Initiative for standardized methodology to assess the value of orphan drugs
In November 2017, at the European Rett Syndrome Congress in Berlin, Newron held a Burden of Disease Advisory Board Meeting, at which the questions for inclusion in a survey that will be distributed internationally to caregivers and allied healthcare professionals were agreed. Alongside the Congress, the Company hosted a thought leadership roundtable discussion to discuss the need for a standardized methodology to assess the health economic value of orphan drugs treating rare diseases that impact multiple organ systems. Although, by definition, only a small number of patients suffer from each rare disease, collectively they present significant medical and socio-economic issues. "We believe that improved methods for assessing the value of orphan drugs will enable better development of drugs to treat these diseases. Improving these methods is an area of research and interest, which Newron will be pursuing further in 2018," emphasizes Newron’s VP Commercial Affairs Dennis Dionne.
- Total revenues substantially increased to EUR 13.4 million from EUR 6.7 million (2016) in the reporting period; largely due to
- Increased license income, reflecting milestone payments received from Zambon (EUR 10.4 million in 2017 vs. EUR 3.0 million in 2016)
- Royalties of EUR 2.9 million (EUR 1.7 million in 2016)
- Research and development expenses were significantly lower than in 2016, at EUR 8.6 million (2016: EUR 12.4 million), net of Italian R&D tax credits of EUR 4.5 million;
- Cash used in operations decreased to EUR 8.4 million (2016: EUR 19.6 million).
- In 2017, Newron, by a private placement of new shares to investors, raised CHF 27.0 million.
- Newron’s cash position, including available financial assets and cash and cash equivalents, was EUR 60.1 million, at year-end (2016: EUR 46.5 million)
Outlook for 2018:Newron’s full 2017 Annual Report is available on www.newron.com/financial-report-2017
“We look forward to Xadago becoming available to patients in additional countries and territories. The Company is highly encouraged by the potential of both sarizotan and Evenamide and looks forward to continuing the development of both in the ongoing year. We started 2018 with funds totaling EUR 60.1 million, which we anticipate will take the Company to 2020, beyond expected key value inflection points.
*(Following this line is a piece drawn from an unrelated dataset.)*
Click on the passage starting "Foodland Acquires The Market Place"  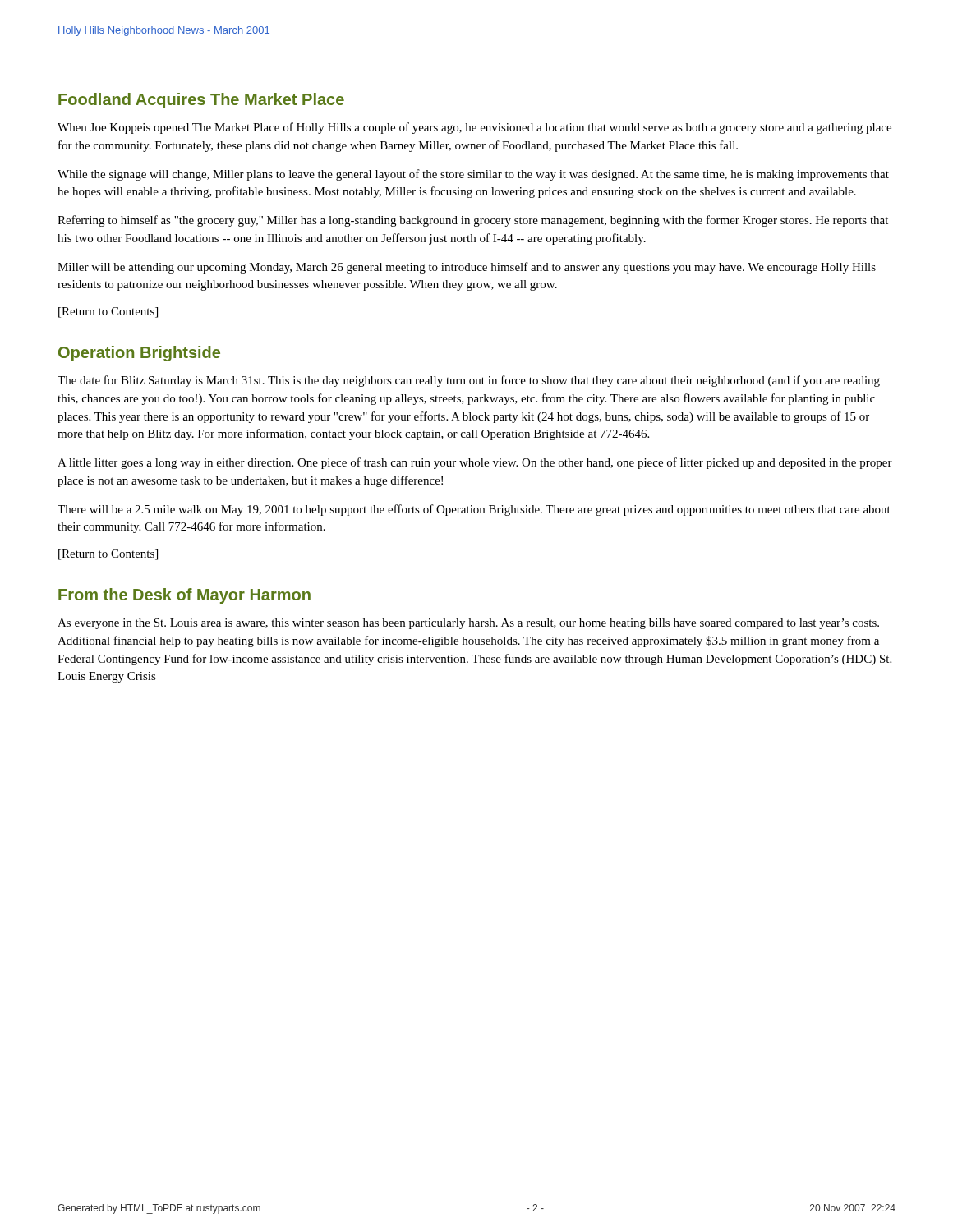click(201, 99)

We also continue to evaluate non-dilutive funding opportunities,” commented Newron’s VP Finance Roberto Galli.
2018 Shareholders’ Meeting Agenda:
Newron’s Board of Directors has approved the below agenda for the March 27, 2018, 10:00 am CET, Shareholders’ meeting, which will take place at the Company’s registered office in Bresso (Mi), Italy. The formal invitation to shareholders will be issued and disclosed in the statutory papers on or around March 1. The full invitation and supporting material will be made available on the Company’s website on the same date. The agenda is as follows:
1. Approval of the financial statements as at December 31, 2017. Related and consequent resolutions.
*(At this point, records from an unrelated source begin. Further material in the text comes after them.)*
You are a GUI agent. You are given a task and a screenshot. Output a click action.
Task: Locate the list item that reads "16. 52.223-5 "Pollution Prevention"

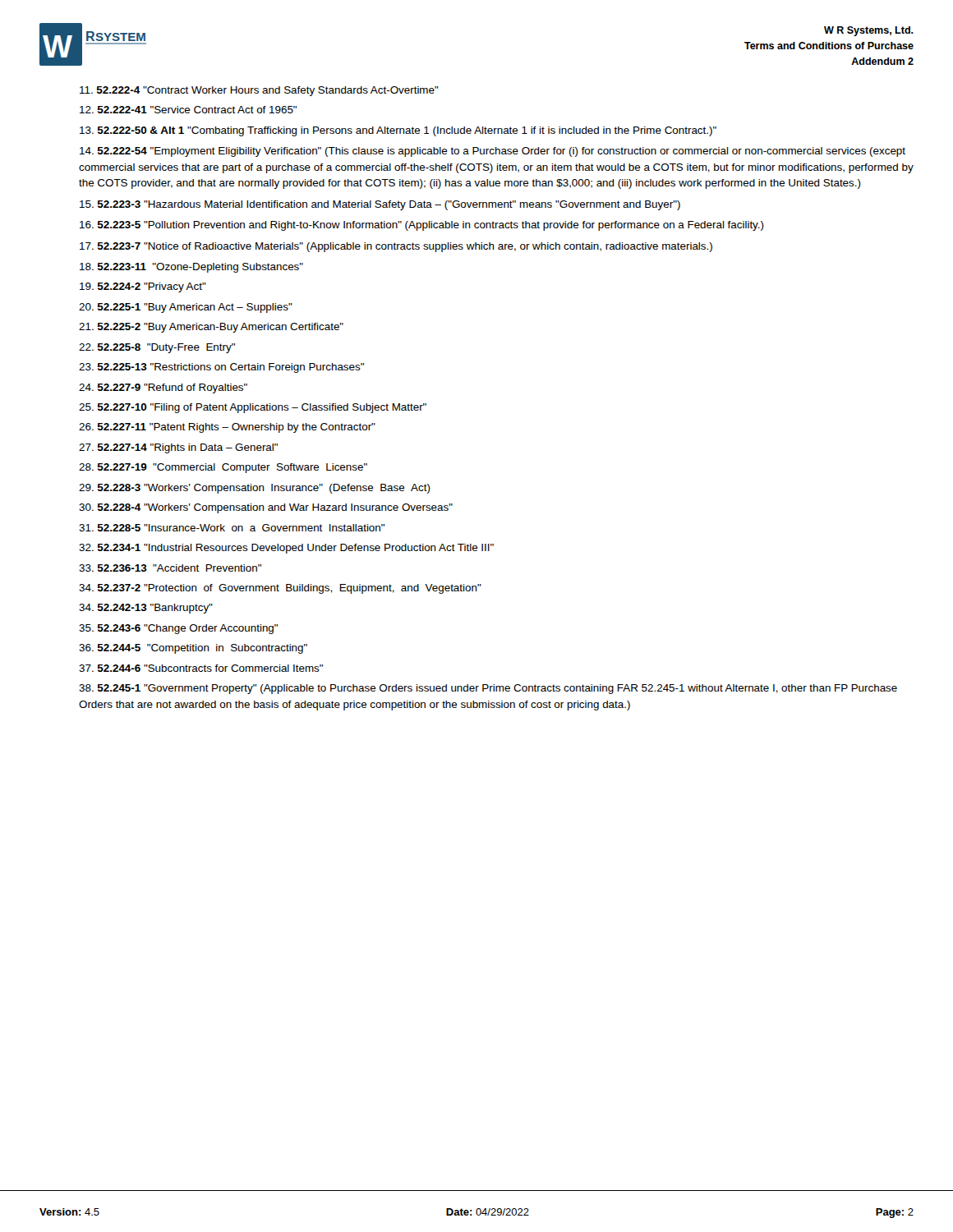tap(421, 225)
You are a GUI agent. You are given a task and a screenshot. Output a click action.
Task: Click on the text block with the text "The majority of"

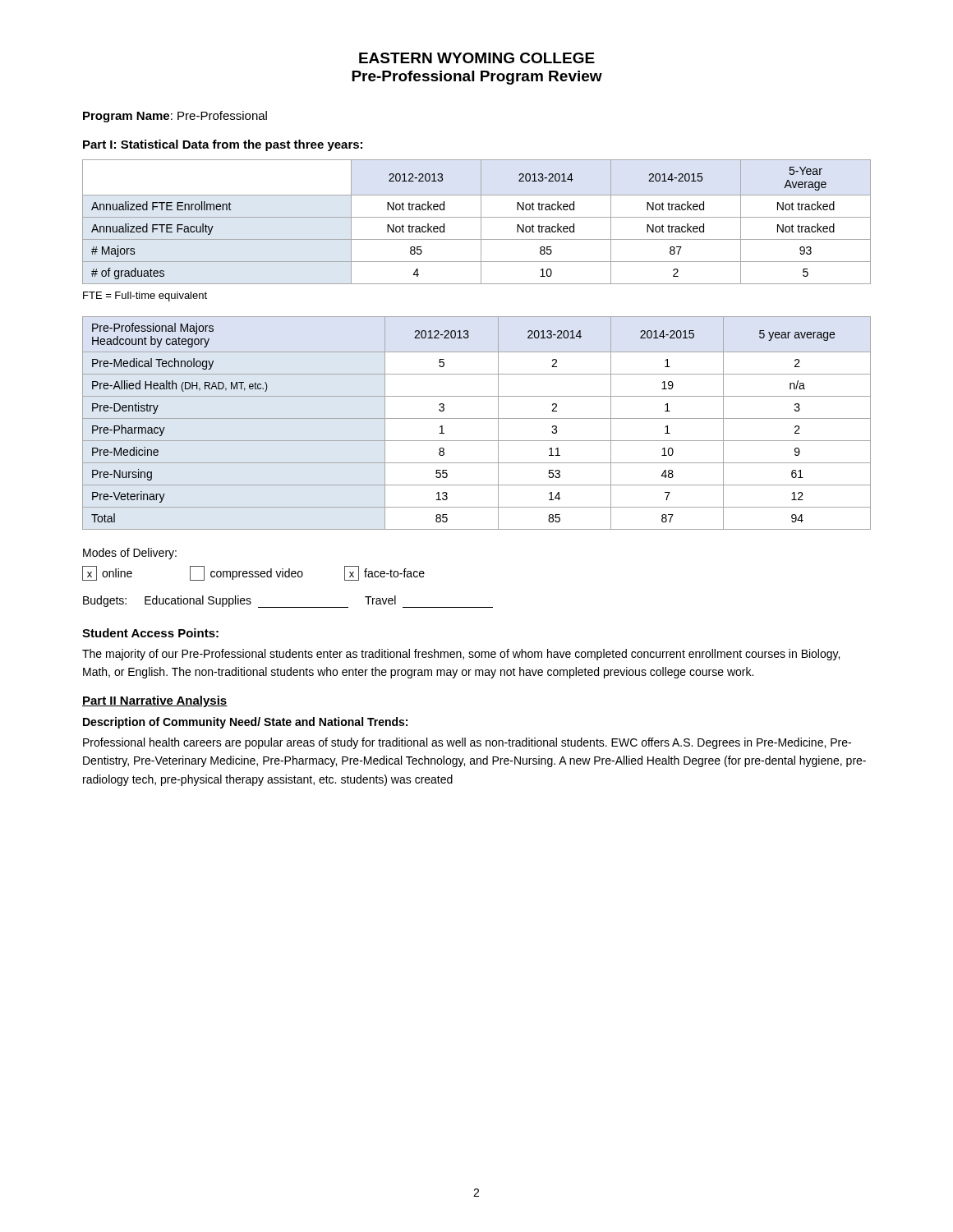[x=461, y=663]

2. Granting to the Board of Directors of the powers, pursuant to articles 2443 and 2420-ter of the Italian Civil Code, to issue shares and/or convertible bonds, up to Euro 1,426,987.60 even with the exclusion of option rights pursuant to article 2441, parts 4, first section, 5, 6 and/or 8 of the Italian Civil Code, eventually cum warrant. Amendment of article 6 of the By-Laws. Connected and consequent resolutions.
3. Powers to create American Depositary Shares and to list them on the Nasdaq or on any other market in the United States of America; connected and consequent resolutions.